The girl, wearing a dress that is made from an expensive copper-coloured fabric that catches the light, has her back turned to the viewer and shows her face by looking over her shoulder. The shallow bowl that contains the fruit, fashioned from a metallic material such as pewter and decorated with a pattern of interlocking curves, is held up to the level of the girl’s forehead by both of her hands.

This oil-on-canvas painting, executed in the Mannerist style that was popular during the Late Renaissance, measures 102cm by 82cm and resides in Berlin’s Gemäldegalerie museum. The subject of the painting, believed by art historians to be Titian's daughter Lavinia Vecellio, is wearing a pearl necklace and an earring as well as a crescent-shaped tiara that is studded with gemstones. A wedding ring, worn under the knuckle of the girl's ring-finger, indicates that the subject of the painting is married while the quality of her attire and jewelry suggests that her husband is wealthy.

Light, emanating from a source to the left of the canvas, illuminates the left-hand side of the girl's face as well as her exposed back and neck. A thin line of shadow is visible along the right-hand side of the subject's face, neck and dress while a shadow that travels along the underside of her visible arm suggests that the light is falling from an elevated position. The girl's lips are slightly parted and her irises, positioned in the left-hand corners of her eyes, are gazing out towards the viewer while her nostrils and septum are made visible by the slight backwards tilt of her head.

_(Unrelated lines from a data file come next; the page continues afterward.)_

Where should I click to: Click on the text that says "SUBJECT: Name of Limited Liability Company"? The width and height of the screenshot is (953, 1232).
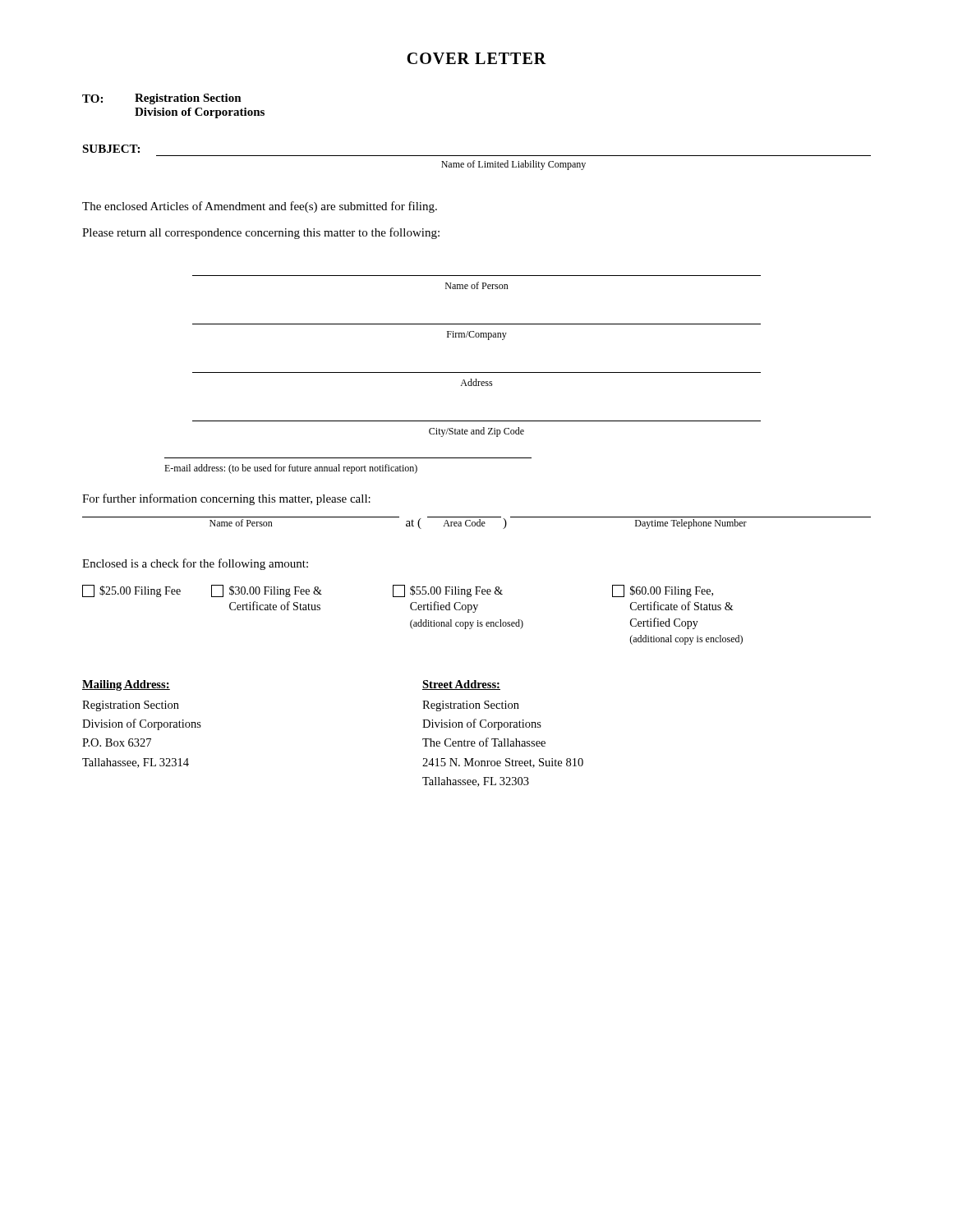click(x=476, y=155)

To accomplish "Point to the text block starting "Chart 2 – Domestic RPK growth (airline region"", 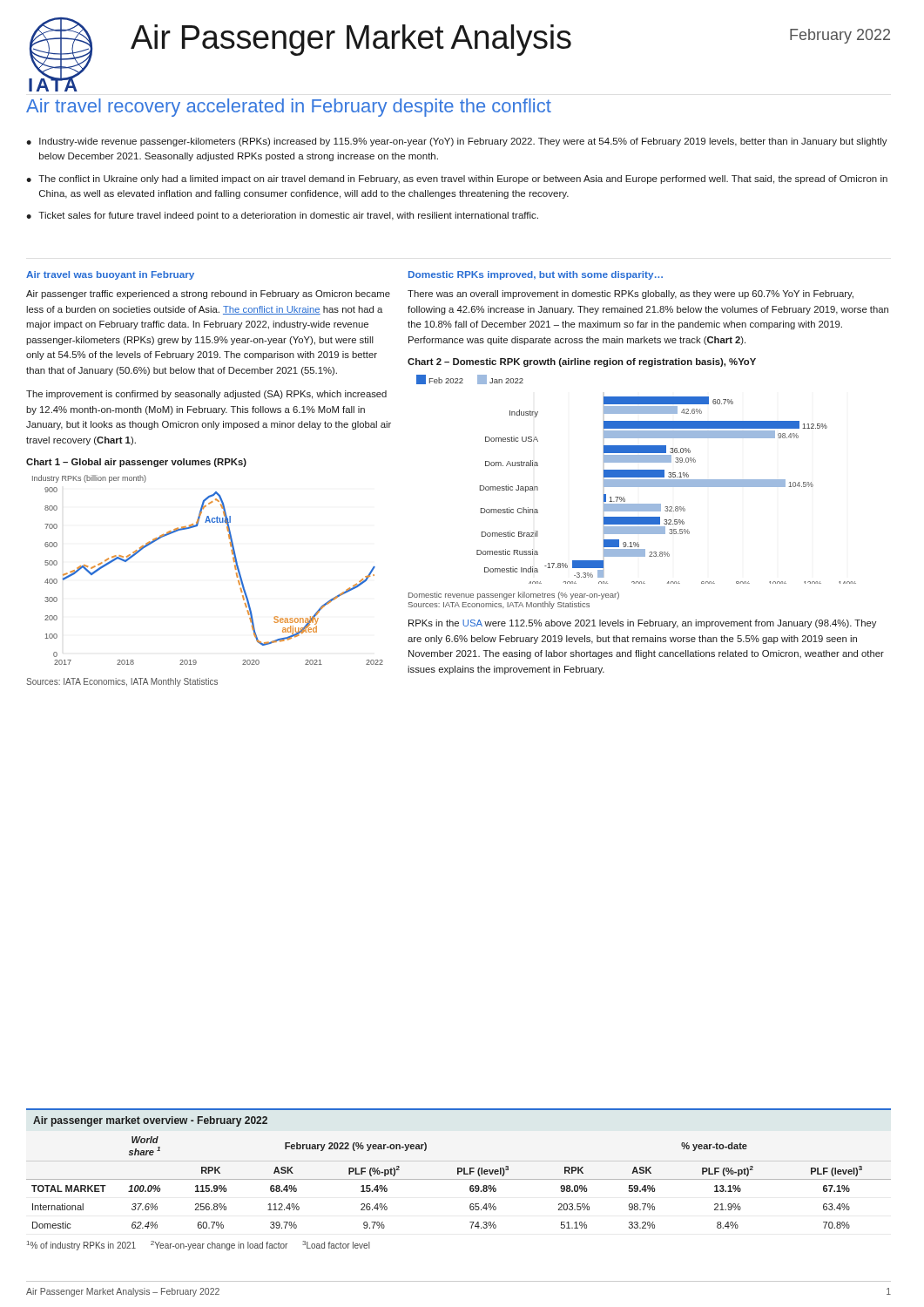I will (582, 362).
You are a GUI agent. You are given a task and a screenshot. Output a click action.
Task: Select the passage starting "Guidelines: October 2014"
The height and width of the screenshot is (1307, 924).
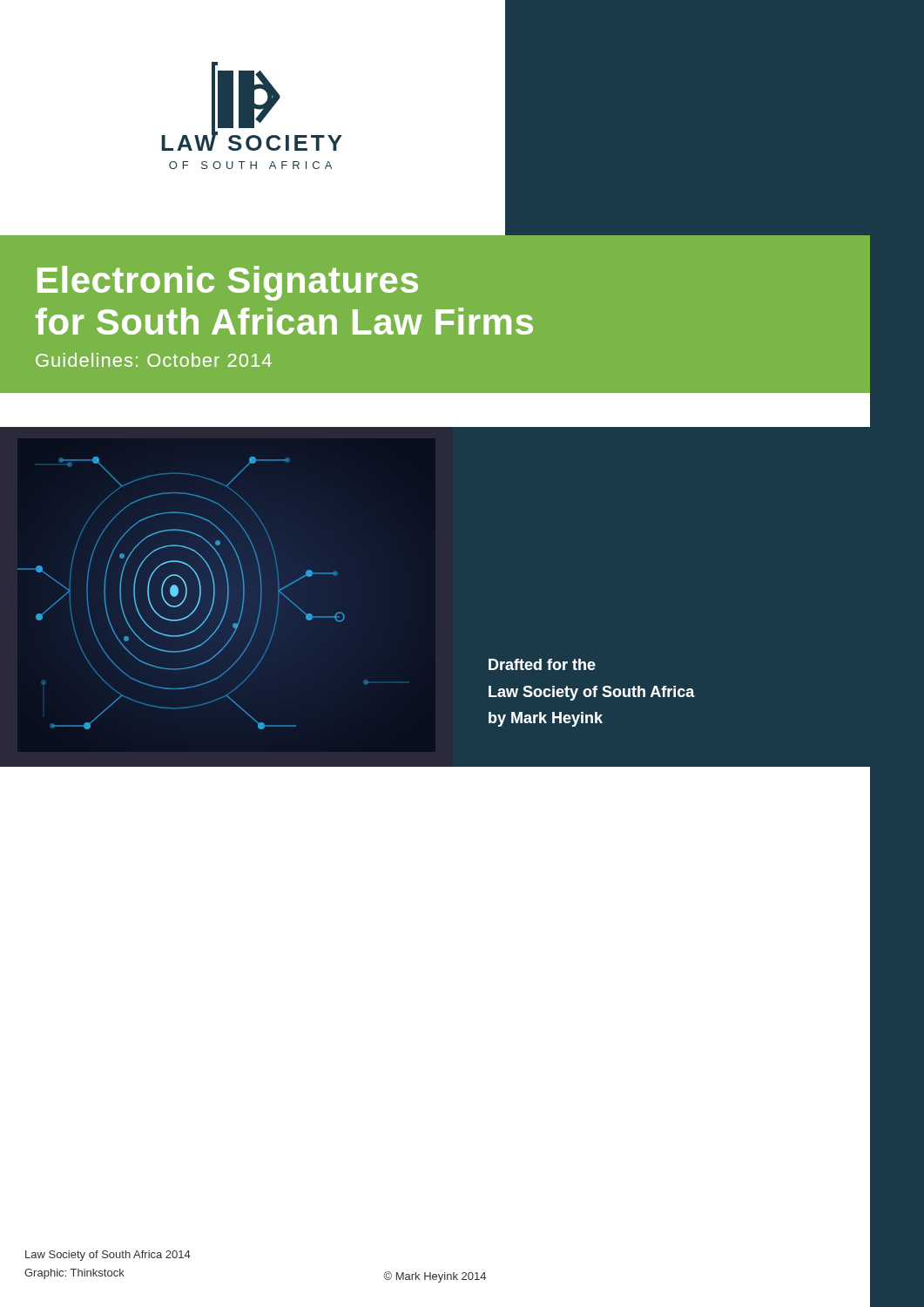pos(154,360)
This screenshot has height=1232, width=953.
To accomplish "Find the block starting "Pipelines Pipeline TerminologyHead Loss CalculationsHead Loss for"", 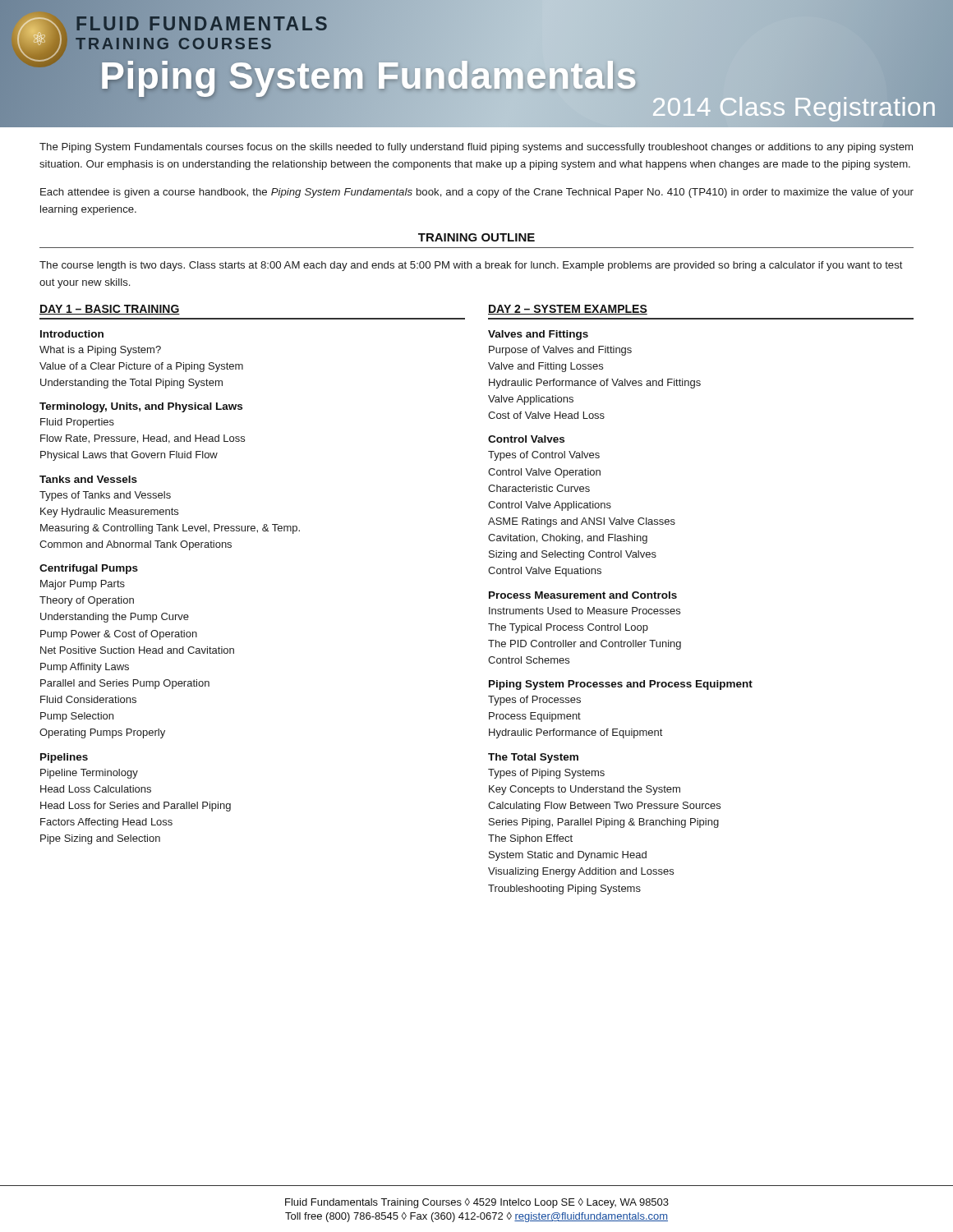I will click(x=64, y=758).
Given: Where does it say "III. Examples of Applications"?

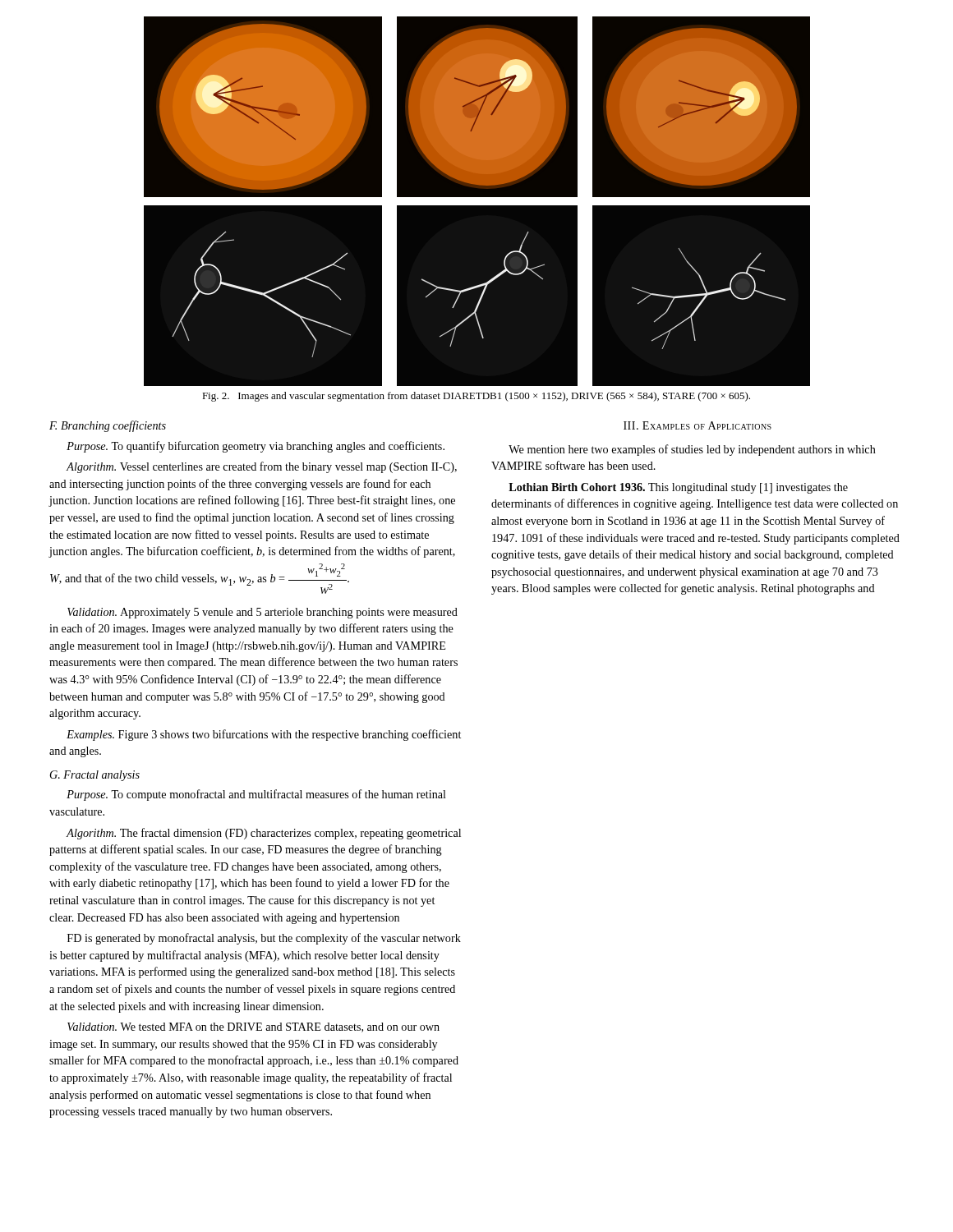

Early Renaissance art, like the Medieval European art that had preceded it, was focused on religious themes while the emergence of Humanism in the sixteenth-century created the demand for artworks of a more anthropocentric nature that explored secular themes. The rise of financial capital, the establishment of lucrative trade routes with East Asia and the colonisation of the Americas led to the emergence of a powerful new socio-economic class in Europe. Bankers and merchants, enriched by new money, sought immortalisation in the painted form by the great artists of the day.

Both the landed aristocrats and city merchants wanted their portraits painted and artists, inspired by Humanist ideals as much as as by a love of money, were happy to take their commissions. Titian, who had painted Pope Paul III's portrait a decade earlier, chose to create Lavinia's portrait at the time when he was entering the later stage of his career. It is likely that Titian, who’s patrons had included the Doge of Venice and the Holy Roman Emperor, was living under the patronage of Philip II of Spain at the time in which the portrait was created.